- Died: 27 November 602 Harbor of Eutropius, Chalcedon (modern-day Kadıköy, Istanbul, Turkey)
- Burial place: Monastery of Saint Mamas (modern-day Istanbul, Turkey)
- Parents: Maurice (father); Constantina (mother);

= Tiberius (son of Maurice) =

Byzantine noble

Tiberius (Greek: Τιβέριος; died 27 November 602) was the second son of Byzantine Emperor Maurice and his wife Constantina. His father intended him to inherit Italy and the western islands, centered in Rome; however, this did not come to fruition as his father was overthrown by the new Emperor Phocas, who had him and his father executed, along with his younger brothers, in the Harbor of Eutropius, Chalcedon.

==Early life and family==
Tiberius was the second son of Byzantine Emperor Maurice, and Constantina. He was named in honor of Emperor Tiberius II, his maternal grandfather. He had an older brother, Theodosius, four younger brothers, Peter, Paul, Justin, and Justinian, and three sisters, Anastasia, Theoctiste, and Cleopatra.

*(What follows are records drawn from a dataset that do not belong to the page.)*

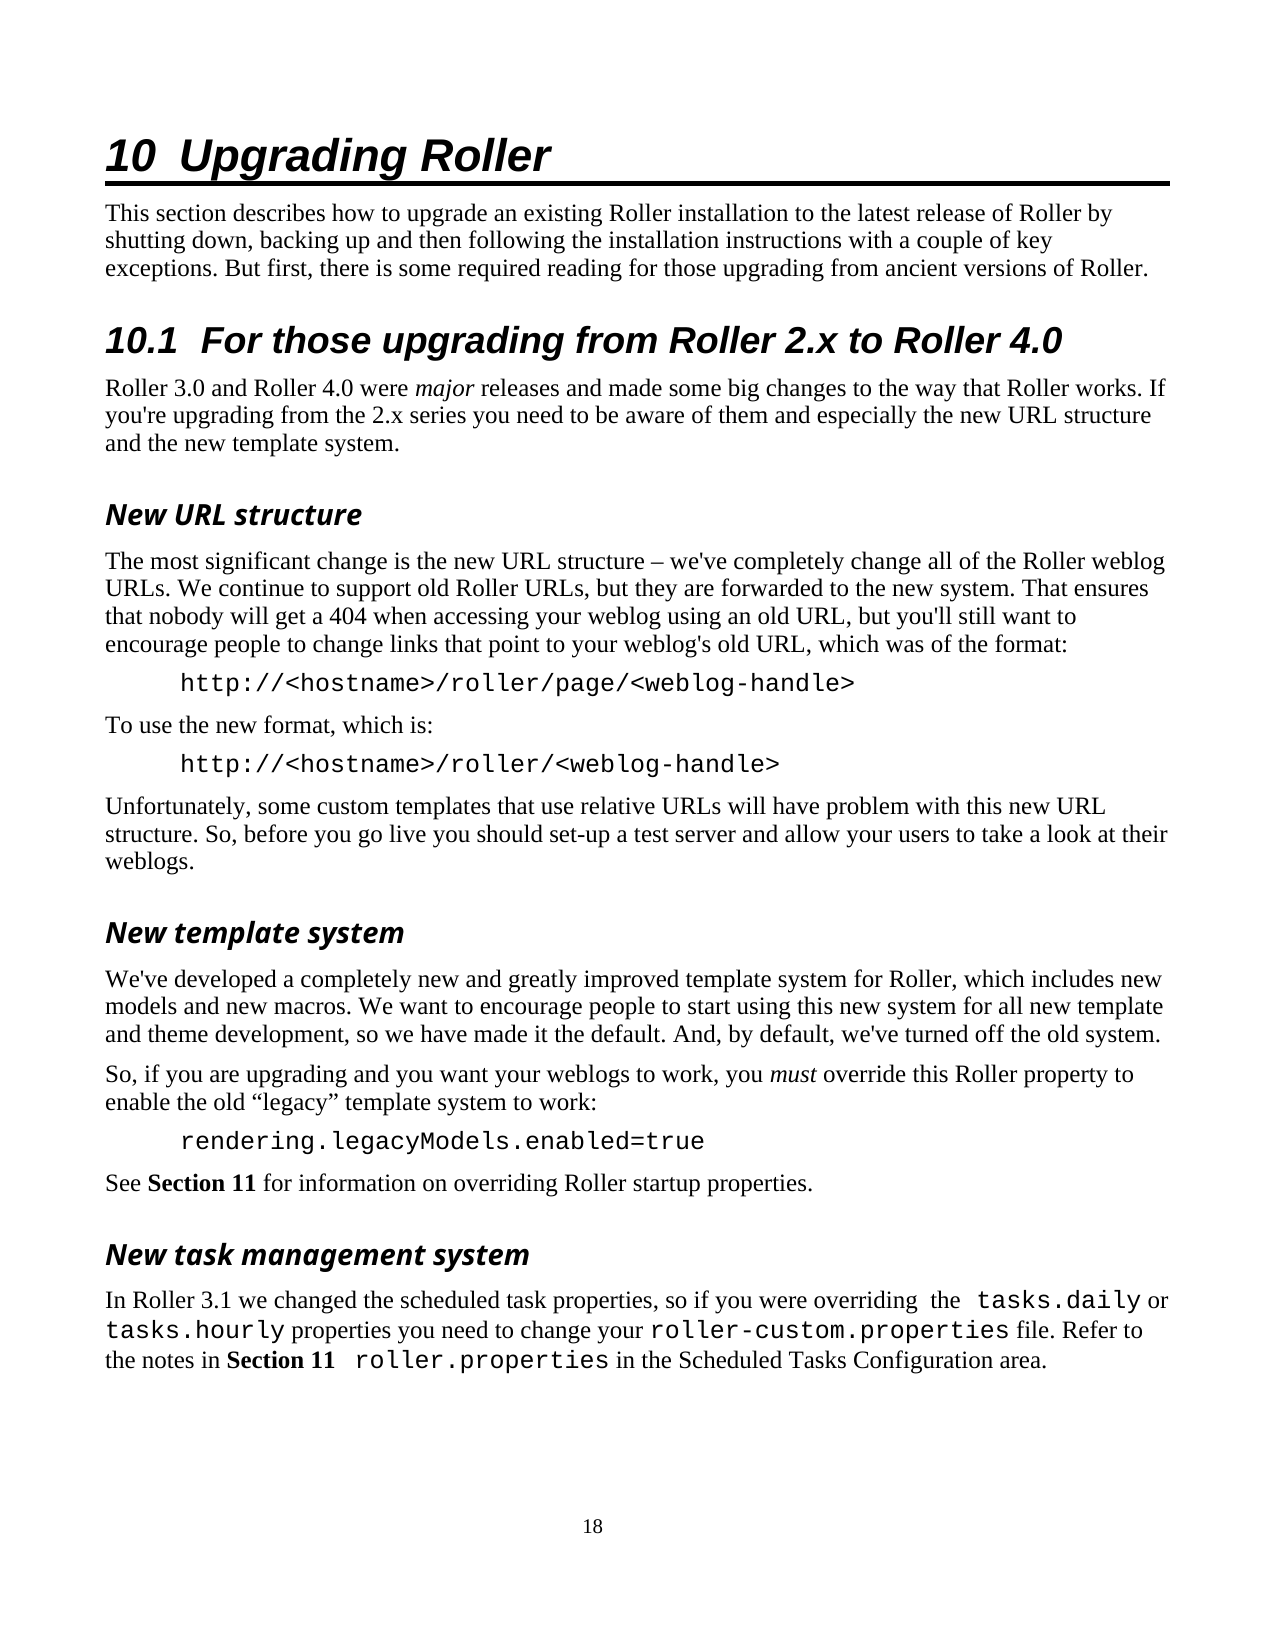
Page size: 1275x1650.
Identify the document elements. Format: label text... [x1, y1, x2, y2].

subtitle Upgrading Roller [105, 130, 1170, 181]
subtitle New URL structure [105, 494, 1170, 534]
text In Roller 3.1 we changed the scheduled task properties, so if you were overriding the tasks.daily or tasks.hourly properties you need to change your roller-custom.properties file. Refer to the notes in Section 11 roller.properties in the Scheduled Tasks Configuration area. [105, 1287, 1170, 1376]
text Roller 3.0 and Roller 4.0 were major releases and made some big changes to the way that Roller works. If you're upgrading from the 2.x series you need to be aware of them and especially the new URL structure and the new template system. [105, 374, 1170, 457]
text We've developed a completely new and greatly improved template system for Roller, which includes new models and new macros. We want to encourage people to start using this new system for all new template and theme development, so we have made it the default. And, by default, we've turned off the old system. [105, 965, 1170, 1048]
subtitle New task management system [105, 1234, 1170, 1274]
text This section describes how to upgrade an existing Roller installation to the latest release of Roller by shutting down, backing up and then following the installation instructions with a couple of key exceptions. But first, there is some required reading for those upgrading from ancient versions of Roller. [105, 199, 1170, 282]
text rendering.legacyModels.enabled=true [105, 1128, 1170, 1157]
text Unfortunately, some custom templates that use relative URLs will have problem with this new URL structure. So, before you go live you should set-up a test server and allow your users to take a look at their weblogs. [105, 792, 1170, 875]
subtitle New template system [105, 913, 1170, 952]
subtitle For those upgrading from Roller 2.x to Roller 4.0 [105, 319, 1170, 361]
text http://<hostname>/roller/<weblog-handle> [105, 751, 1170, 779]
text http://<hostname>/roller/page/<weblog-handle> [105, 670, 1170, 698]
text See Section 11 for information on overriding Roller startup properties. [105, 1169, 1170, 1197]
text So, if you are upgrading and you want your weblogs to work, you must override this Roller property to enable the old “legacy” template system to work: [105, 1060, 1170, 1116]
text To use the new format, which is: [105, 711, 1170, 739]
text The most significant change is the new URL structure – we've completely change all of the Roller weblog URLs. We continue to support old Roller URLs, but they are forwarded to the new system. That ensures that nobody will get a 404 when accessing your weblog using an old URL, but you'll still want to encourage people to change links that point to your weblog's old URL, which was of the format: [105, 547, 1170, 658]

Maurice was not only the first Byzantine emperor since Theodosius I to produce a son, but his and Constantina's ability to produce numerous children was the subject of popular jokes.

Maurice had served as magister militum per Orientem, the commander of Byzantine forces in the East, securing decisive victories over the Sassanian Empire. The ruling Byzantine Emperor, Tiberius II, weakened by illness, named Maurice one of his two heirs, alongside Germanus, planning to divide the empire in two, giving Maurice the Eastern half. However, Germanus declined, and therefore, on 13 August 582, Maurice was married to Constantina and declared emperor. Tiberius II died the following day, and Maurice became sole emperor.

==Later life==
According to his father's will, written in 597 when he was suffering from severe illness, Maurice intended for Tiberius to rule Italy and the western islands, centered in Rome, rather than Ravenna, with Theodosius ruling in the East, centered in Constantinople. Theophylact Simocatta, a contemporary source, states that the remainder of the empire would be split by Maurice's younger sons, and Byzantist J. B. Bury suggests one would rule North Africa, and the other Illyricum, including Greece, with Domitian of Melitene as their guardian. Historian Henning Börm suggests that in this arrangement, Theodosius would serve as senior augustus, Tiberius as junior augustus, and the younger brothers as caesars.

In 602 Maurice ordered the Byzantine army to winter beyond the Danube, causing troops exhausted by warfare against the Slavs to rise up, and declare Phocas their leader. The troops demanded Maurice abdicate in favor of Theodosius or General Germanus. On 22 November 602, facing riots in Constantinople led by the Green faction, Maurice and his family boarded a warship bound for Nicomedia. Theodosius may have been at that time in the Sasanian Empire, on a diplomatic mission, or, according to some sources, was later sent by Maurice to request aid from the Sassanian Emperor Khosrow II.

Phocas was crowned emperor the next day, on the 23rd, after he arrived in the capital. After surviving a storm, Tiberius and his family landed at Saint Autonomos, near Praenetus, 45 mi from Constantinople, but were forced to stay there due to Maurice's arthritis, which left him bed-ridden. They were captured by Lilios, an officer of Phocas, and brought to the Harbor of Eutropius at Chalcedon, where on 27 November 602, Tiberius and his four younger brothers were put to death, followed by Maurice himself. Their remains were gathered by Gordia, Tiberius' aunt, and interred at the Monastery of Saint Mamas, which she had founded. Theodosius was subsequently captured and executed when he returned, while Constantina and her daughters were taken under the protection of Cyriacus II, the Patriarch of Constantinople.